趁热打铁,又刷了一道中档题,感觉难度还行,下面就和大家来分享一下经验吧!
题目如下:
Given a singly linked list, group all odd nodes together followed by the even nodes. Please note here we are talking about the node number and not the value in the nodes.
You should try to do it in place.

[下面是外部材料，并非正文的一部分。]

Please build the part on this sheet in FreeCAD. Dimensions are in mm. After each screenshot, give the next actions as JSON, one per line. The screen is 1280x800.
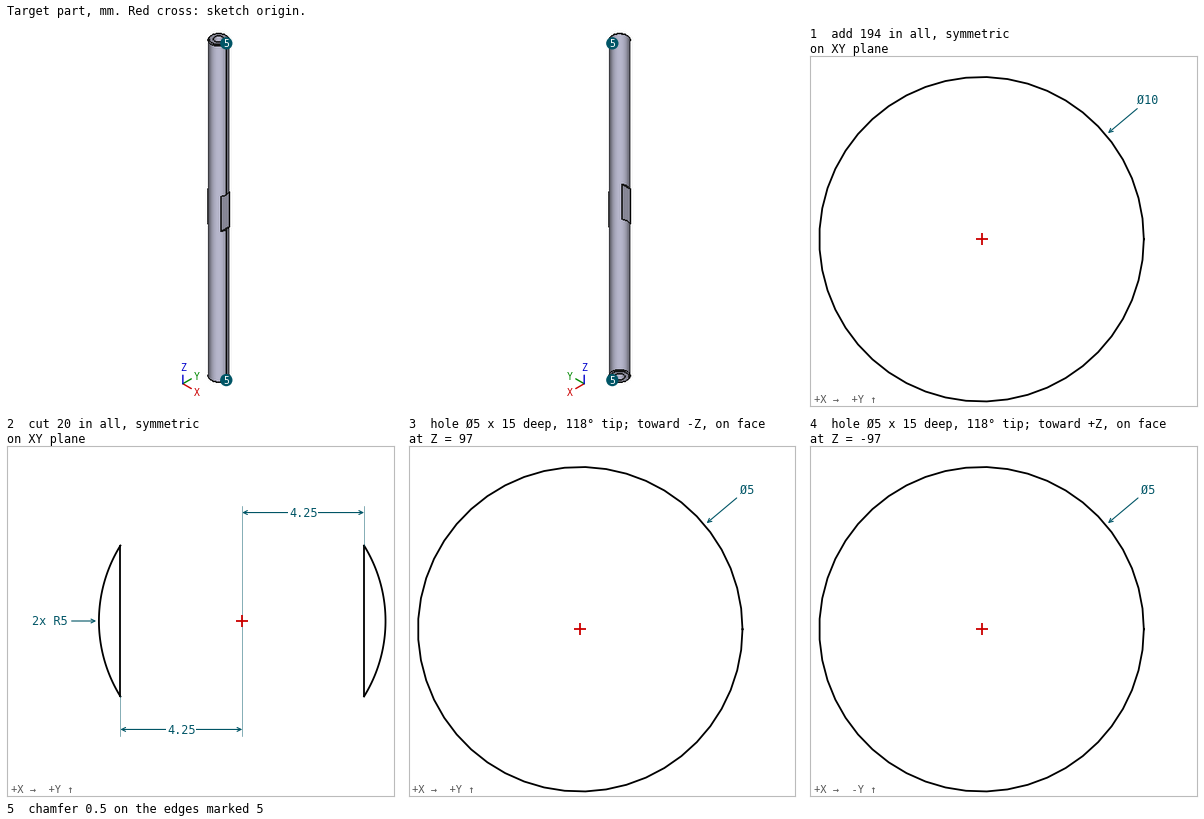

The program should run in O(1) space complexity and O(nodes) time complexity.
Example 1:
Input: 1->2->3->4->5->NULL
Output: 1->3->5->2->4->NULL
Example 2:
Input: 2->1->3->5->6->4->7->NULL
Output: 2->3->6->7->1->5->4->NULL
Note:
The relative order inside both the even and odd groups should remain as it was in the input.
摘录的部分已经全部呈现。